After years of touting its secondary brands, Cirrus and Maestro, for automated teller machine and point of sale transactions, MasterCard International has begun to encourage U.S. issuers to put only the MasterCard brand on most of its debit cards.
The Purchase, N.Y., company said it has no plans to eliminate the other two payment brands, which will continue to be used overseas, where they are better known to consumers than they are here.
Consumers will be able to use the cards, which will carry MasterCard's familiar interlocking-globes logo, at ATMs and at the point of sale to authorize both PIN and signature debit transactions.
MasterCard hopes the shift will eliminate uncertainty among consumers, who face an alphabet soup of logos and brands on the backs of their payment cards but often have little idea of what they represent.
Debit card issuers were initially informed of the shift in September, but the first public announcement came last week, when MasterCard announced that Washington Mutual Inc. had agreed to convert its debit portfolio. The Seattle thrift company had used Visa for its debit cards.
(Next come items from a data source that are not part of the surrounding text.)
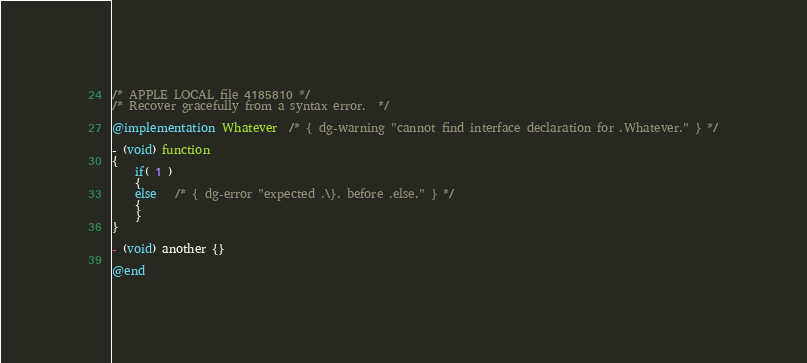Convert code to text. <code><loc_0><loc_0><loc_500><loc_500><_ObjectiveC_>/* APPLE LOCAL file 4185810 */
/* Recover gracefully from a syntax error.  */

@implementation Whatever  /* { dg-warning "cannot find interface declaration for .Whatever." } */

- (void) function
{
	if( 1 )
	{
	else   /* { dg-error "expected .\}. before .else." } */
	{
	}
}

- (void) another {}

@end
</code> 
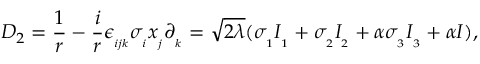Convert formula to latex. <formula><loc_0><loc_0><loc_500><loc_500>D _ { 2 } = \frac { 1 } { r } - \frac { i } { r } \epsilon _ { _ { i j k } } \sigma _ { _ { i } } x _ { _ { j } } \partial _ { _ { k } } = \sqrt { 2 \lambda } ( \sigma _ { _ { 1 } } I _ { _ { 1 } } + \sigma _ { _ { 2 } } I _ { _ { 2 } } + \alpha \sigma _ { _ { 3 } } I _ { _ { 3 } } + \alpha I ) ,</formula> 
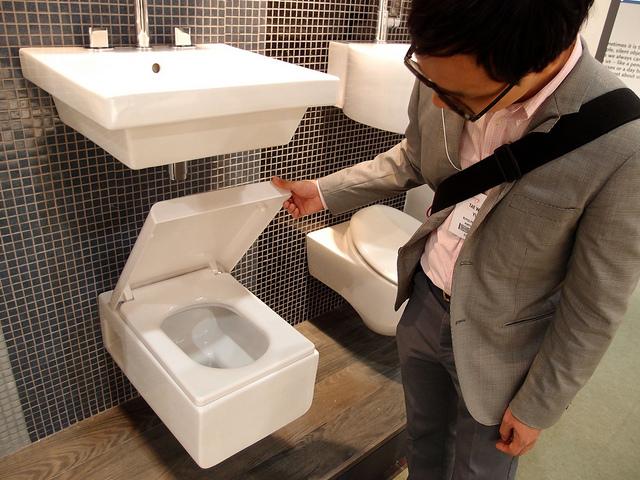Where is the sink?
Keep it brief. Above toilet. What shape is the toilet?
Be succinct. Square. Is the toilet clean?
Give a very brief answer. Yes. 
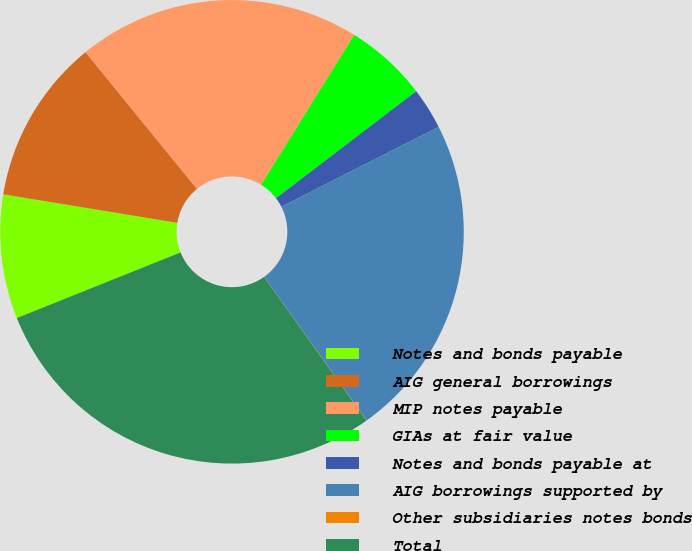Convert chart to OTSL. <chart><loc_0><loc_0><loc_500><loc_500><pie_chart><fcel>Notes and bonds payable<fcel>AIG general borrowings<fcel>MIP notes payable<fcel>GIAs at fair value<fcel>Notes and bonds payable at<fcel>AIG borrowings supported by<fcel>Other subsidiaries notes bonds<fcel>Total<nl><fcel>8.65%<fcel>11.53%<fcel>19.73%<fcel>5.78%<fcel>2.9%<fcel>22.6%<fcel>0.02%<fcel>28.79%<nl></chart> 
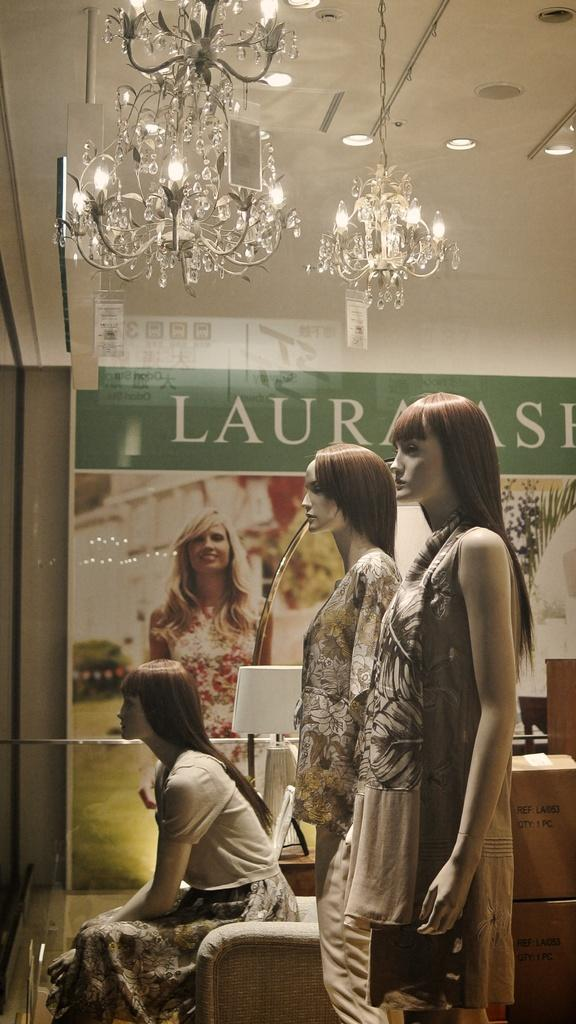What type of figures can be seen in the image? There are mannequins in the image. What can be seen on the wall in the background? There is text written on the wall in the background. What is visible at the top of the image? There are lights visible at the top of the image. How many apples are being held by the mannequins in the image? There are no apples present in the image; the mannequins do not have any objects in their hands. 
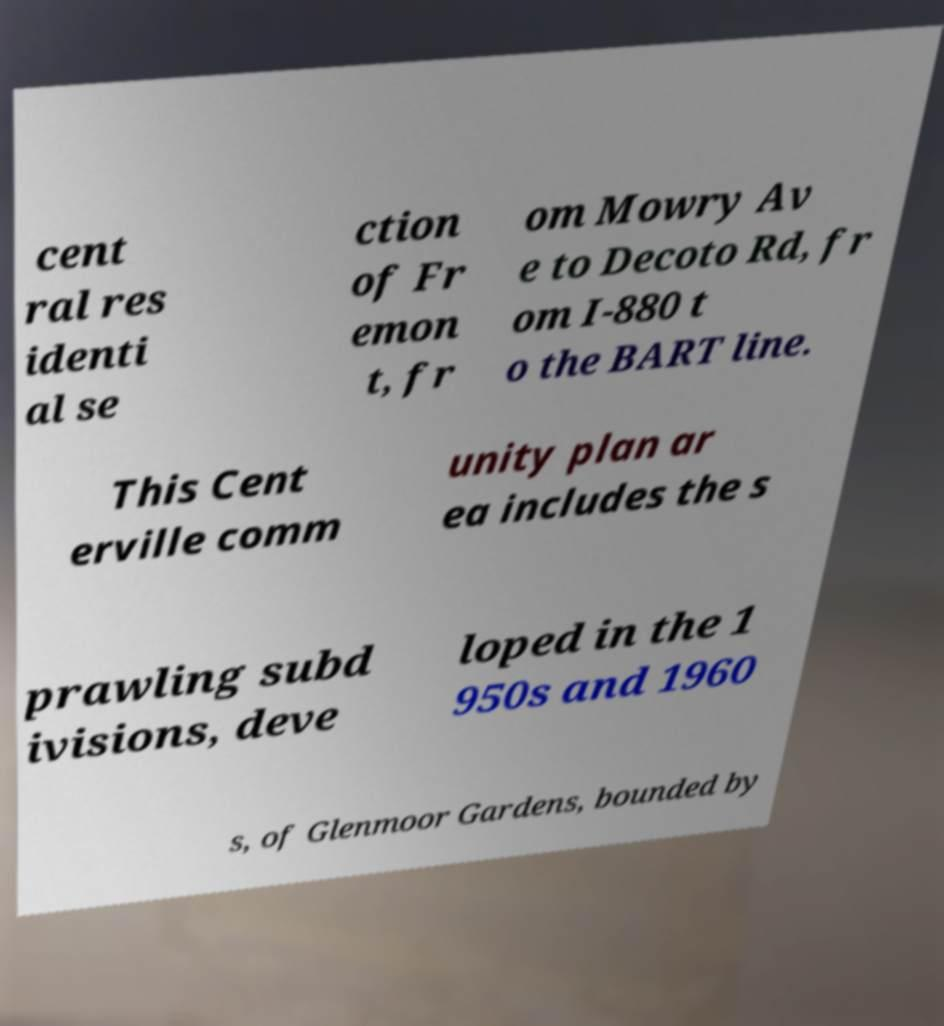I need the written content from this picture converted into text. Can you do that? cent ral res identi al se ction of Fr emon t, fr om Mowry Av e to Decoto Rd, fr om I-880 t o the BART line. This Cent erville comm unity plan ar ea includes the s prawling subd ivisions, deve loped in the 1 950s and 1960 s, of Glenmoor Gardens, bounded by

"We conducted research, and it's clear that … there's a fair amount of confusion with all of the brands that appear on the back of the card," said Richard G. Lyons Jr., MasterCard's senior vice president for North American debit strategy. MasterCard will now present itself as "the one brand you need to look for, regardless of the transaction you're trying to conduct," he said.
If no competing network marks appear on the back of a card, the MasterCard logo on the front will be enough to authorize all three types of debit transactions - ATM, PIN, and signature - Mr. Lyons said. If another logo, such as First Data Corp's Star or NYCE Corp.'s Pulse, is on the back, MasterCard's will also be on there.
The company expects that it will be three years before all its banks finish reissuing debit cards without the Cirrus and Maestro logos. (They will remain on the backs of PIN- and ATM-only cards issued in the United States.) Neither MasterCard nor private-label credit cards will be affected.
Edward Neumann, the managing director of Javelin Strategy and Research in Pleasanton, Calif., said MasterCard is probably emphasizing its main credit brand to establish more name recognition in debit.
He said "MasterCard" is considered not just a credit card but a payment brand, which can be more easily extended into the debit market. "They believe their main brand will have an easier time competing with Visa and First Data … for the PIN debit-processing business."
The Wamu agreement was the third large debit defection from Visa to MasterCard in three months.
In December, Associated Banc-Corp of Green Bay, Wis., announced that it would convert its 400,000 cards to MasterCard by this month. And in September, Bank of the West, a San Francisco unit of France's BNP Paribas, said it was converting its 600,000 debit cards to MasterCard.
Washington Mutual is the third-largest issuer of signature debit cards, at 9 million.
MasterCard made it clear that it was not scrapping Cirrus and Maestro, its ATM and POS brands, whose logos are similar to the MasterCard logo. "We will continue to have Maestro and Cirrus available for global use, so that non-U.S. cardholders coming to the U.S. will still see those brands," Mr. Lyons said.
Mr. Neumann said that though Maestro is not as well known in this country as Visa's equivalent POS network, Interlink, it is strong in Europe.
Industry experts applauded MasterCard's move.
Del Tonguette, a senior vice president for debit services with ICBA Bancard, the Arlington, Va., payment services subsidiary of the Independent Community Bankers of America, said he has been criticizing multiple-brand strategies for a decade.
"People have told me my predictions are accurate - just my timing is off," said Mr. Tonguette, who also ran the regional network GulfNet from the late 1980s to the mid-1990s.
Branding is rampant within banking, and such excesses can bewilder the public and carry heavy costs, he said. "You don't get a free checking account, you get a 'Four Star' checking account," Mr. Tonguette said. But "whenever you introduce a new mark, whether it's a new car or a banking product, it costs millions to generate awareness and educate the public on that new mark."
James L. Accomando, the president of Accomando Consulting Inc. of Fairfield Conn., said part of the logic behind creating multiple brand names is to distinguish between credit, ATM, and debit. But many consumers do not and need not understand the distinction, he said.
Rosetta Jones, a spokeswoman for Visa, would not say whether it plans to change the branding strategy for its ATM and PIN debit brands. In an e-mail, Ms. Jones said the San Francisco company "has always emphasized the Visa brand to consumers over Interlink or Plus."